DVC, which goes by Data Version Control, is essentially an experiment management tool for ML projects. DVC software is built upon Git and its main goal is to codify data, models and pipelines through the command line.
This is all possible because DVC replaces large files (such as datasets and ML models) with small metafiles that point to the original data. By doing that, it’s possible to keep these metafiles along with the source code of the project in a repository while large files are kept in at a remote data storage.
Since DVC works on top of Git, its syntax and workflow are also similar so that you’re able to treat data and model versioning just as you do with code. Although DVC can work stand-alone, it’s highly recommended to work alongside Git.
DVC can also manage the project’s pipelines to make experiments reproducible for all members. These pipelines are lightweight and are created using dependency graphs.

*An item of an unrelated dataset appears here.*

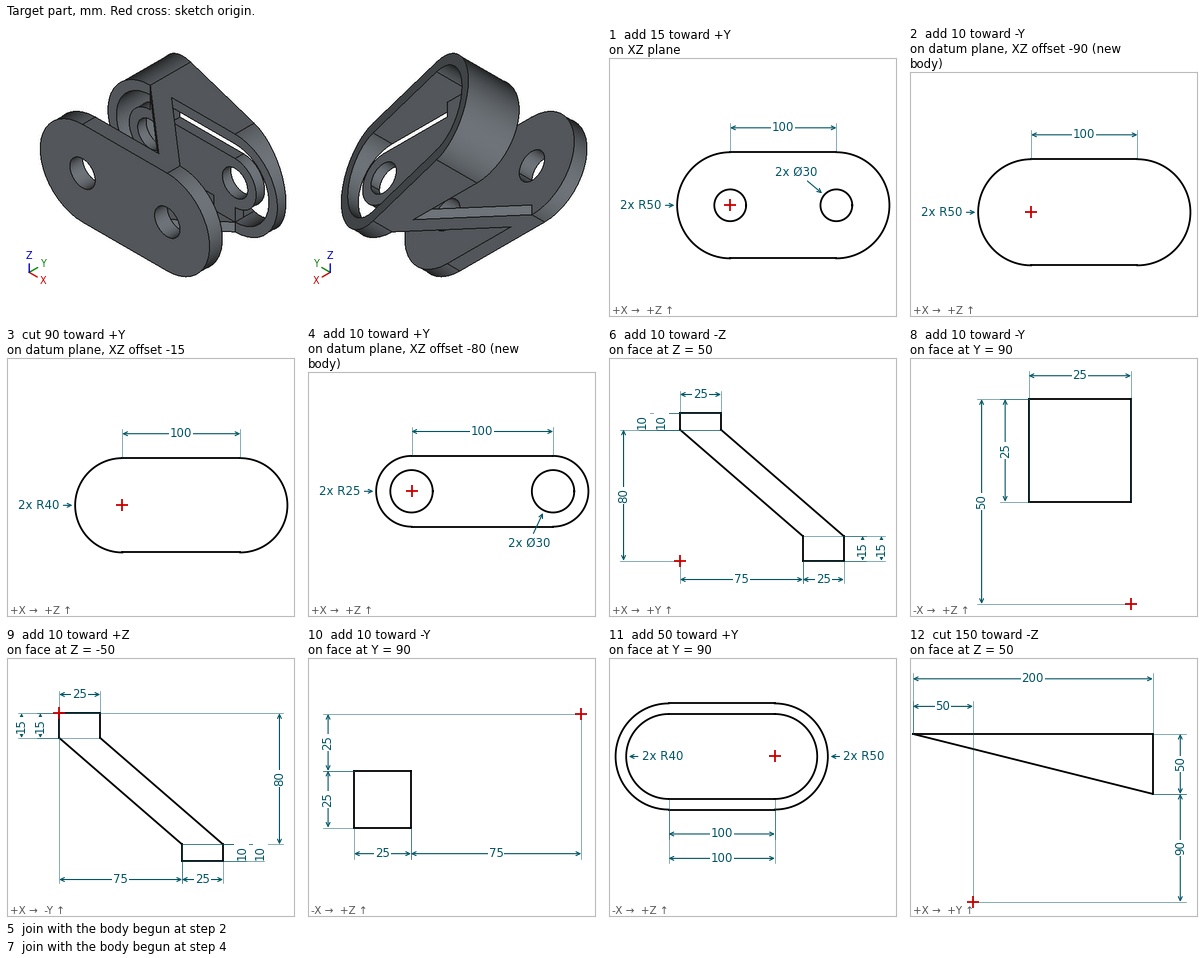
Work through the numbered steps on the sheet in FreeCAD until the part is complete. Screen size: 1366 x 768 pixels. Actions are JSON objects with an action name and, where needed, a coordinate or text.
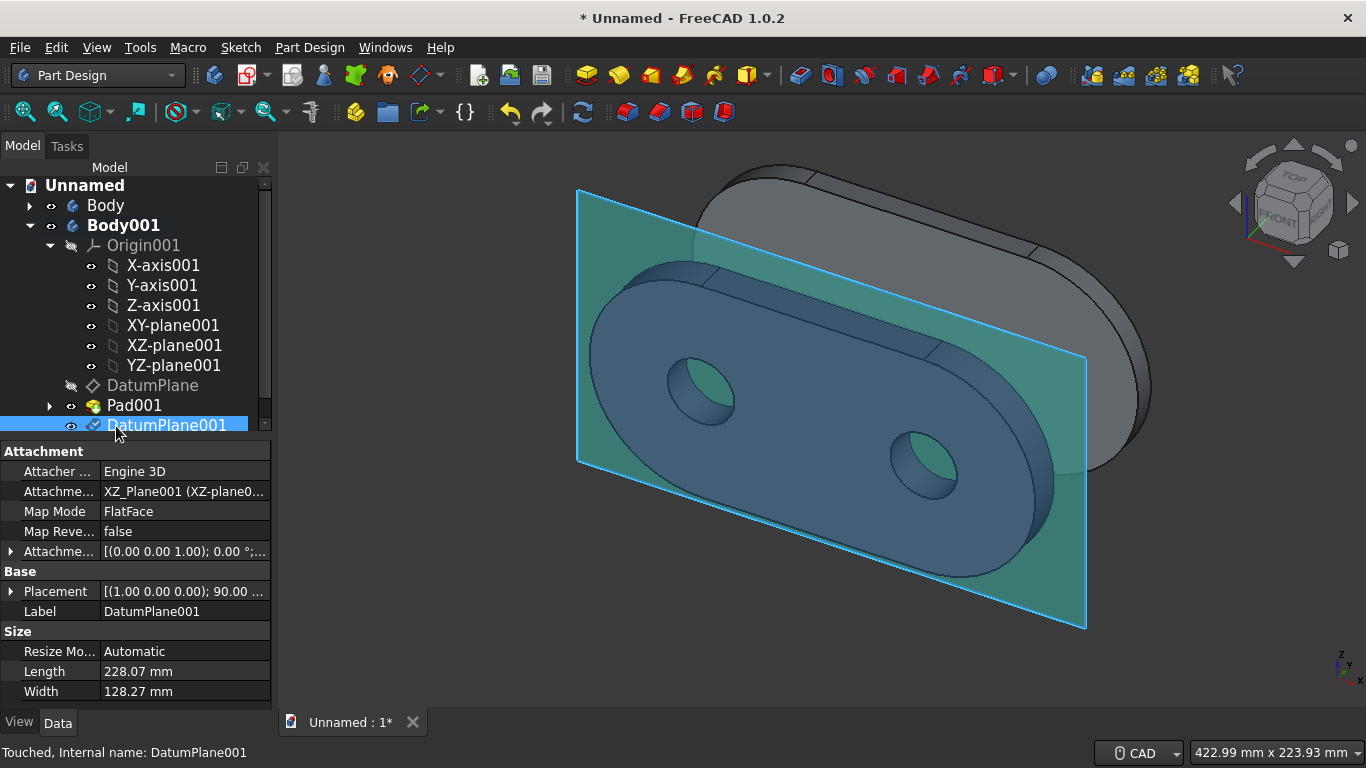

It’s important to note that DVC is free, open-source and platform agnostic, so it runs with a diverse option of OS, programming languages and ML libraries.
If you train models without a feature store, your setup might look something like this:
If your models pull data directly from a data store, you often have annoying duplication
Every model has to access the data and do some transformation to turn it into features, which the model then uses for training.
There’s a lot of duplication in this process — many of the models use many of the same features.
This duplication is one problem a feature store can solve. Every feature can be stored, versioned, and organized in your feature store. This pre-prepared data can then easily be used to train other models in the future. As a result, you’ll avoid calculating the datasets repeatedly. The data you used to train your model will also be available, and the entire training pipeline will be easier to reproduce.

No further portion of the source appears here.